Syndrome de mauriac chez l’enfant

Le syndrome de Mauriac (SM) ou glycogénose hépatique (GH) d’origine diabétique est une entité clinique caractérisée par l’accumulation excessive de glycogène dans les hépatocytes chez les enfants ayant un diabète de type 1 mal équilibré sous insuline [1]. Le SM, décrit pour la première par Pierre Mauriac en 1930, associe typiquement sur le plan clinique une hépatomégalie homogène non stéatosique, un retard de croissance staturopondérale, un retard pubertaire et un morphotype cushingoïde. Sur le plan para-clinique le SM comporte une perturbation du bilan hépatique (élévations des transaminases et des gamma-glutamyl transférase) [2,3]. La physiopathologie de cette entité reste imparfaitement connue. Elle semble liée à des fluctuations récurrentes du taux de la glycémie avec des hyperglycémies, hypoglycémies et hyperinsulinismes [4,5]. Les aspects épidémiologiques du syndrome de Mauriac sont mal élucidés, en effet, l’incidence et la prévalence réelles du SM sont inconnues. La prise en charge du SM repose essentiellement sur l’équilibration du diabète avec des doses minimales d’insuline. L’évolution du SM est favorable, en effet l’hépatomégalie, la perturbation du bilan hépatique et les anomalies histologiques régressent après la correction de l’hyperglycémie. Le pronostic de cette entité est généralement bon. Le diabète de type 1 (DT1) mal équilibré chez l’enfant constitue un une préoccupation importante dans les pays en voie de développement et notamment au Sénégal.
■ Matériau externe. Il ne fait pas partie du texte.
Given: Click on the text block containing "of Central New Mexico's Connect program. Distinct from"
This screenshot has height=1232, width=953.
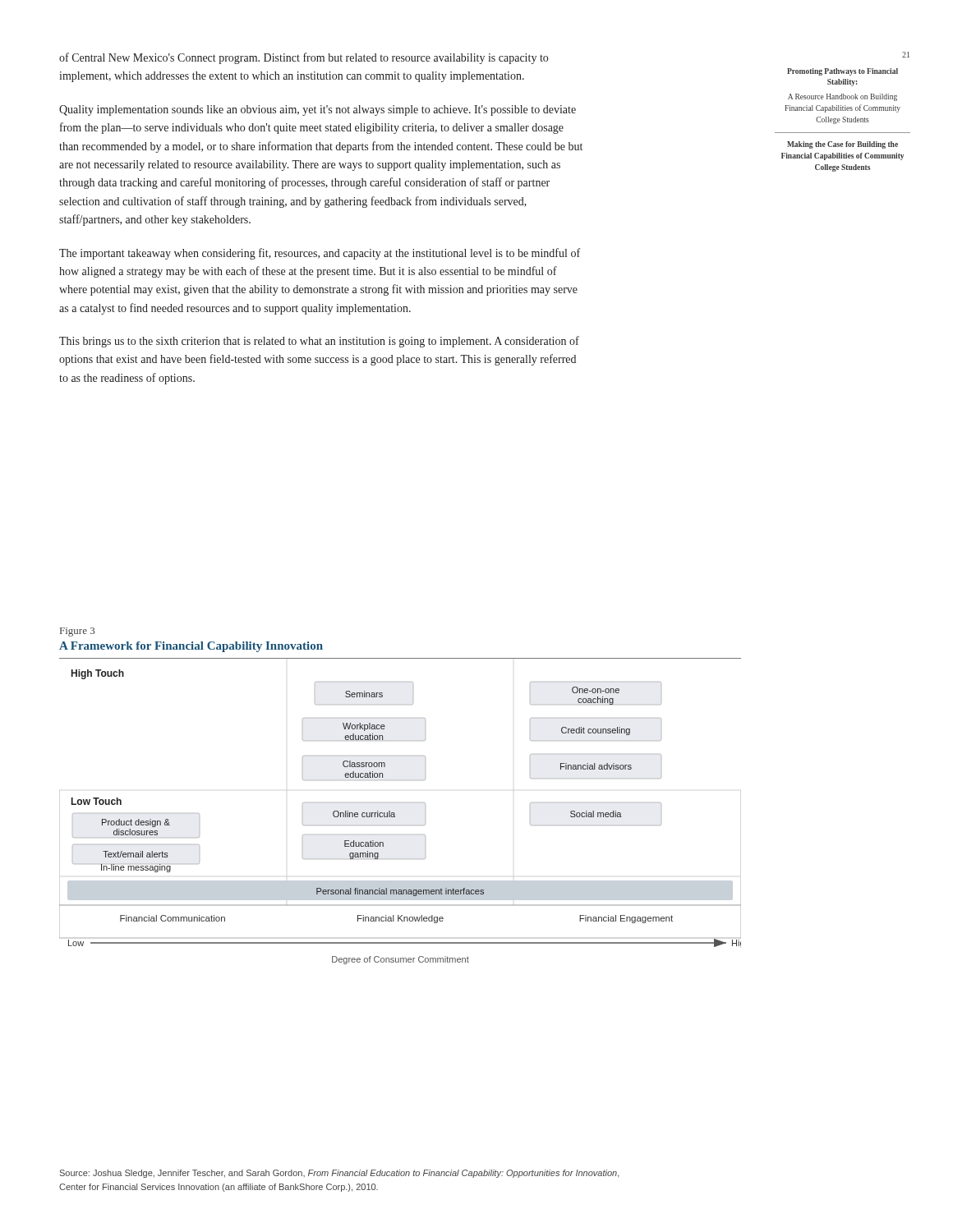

La prise en charge du DT1 chez l’enfant au Sénégal est difficile du faite des moyens limités et un accès difficile à l’insulinothérapie ce qui expose les enfants aux complications du diabète à court, moyen et long terme [6].

PATIENT ET METHODE 

Cadre d’étude

Notre étude s’est déroulée au service de pédiatrie du Centre Hospitalier Abass NDAO (CHAN) de Dakar. Le service de pédiatrie du CHAN est constitué des unités suivantes :
● Unité d’accueil et des urgences.
● Unité d’hospitalisation des nourrissons et des grands enfants.
● Unité de néonatologie
● Unité de consultation d’endocrinologie pédiatrique .

L’équipe soignante est composée de pédiatres universitaires, pédiatres praticiens, et personnel paramédical.

Type et période d’étude
Il s’agit d’une étude rétrospective et descriptive à propos d’un cas de syndrome de Mauriac colligé dans le service de Pédiatrie du CHAN durant l’année 2019.

Population d’étude
L’étude a concerné une patiente porteuse d’un diabète de type 1 âgée de 12 ans suivie dans le service de pédiatrie du CHAN. Le diagnostic du syndrome de Mauriac reposait sur une suspicion clinique (hépatomégalie, retard de croissance et retard pubertaire) et paraclinique (bilan biologique, échographie abdominale).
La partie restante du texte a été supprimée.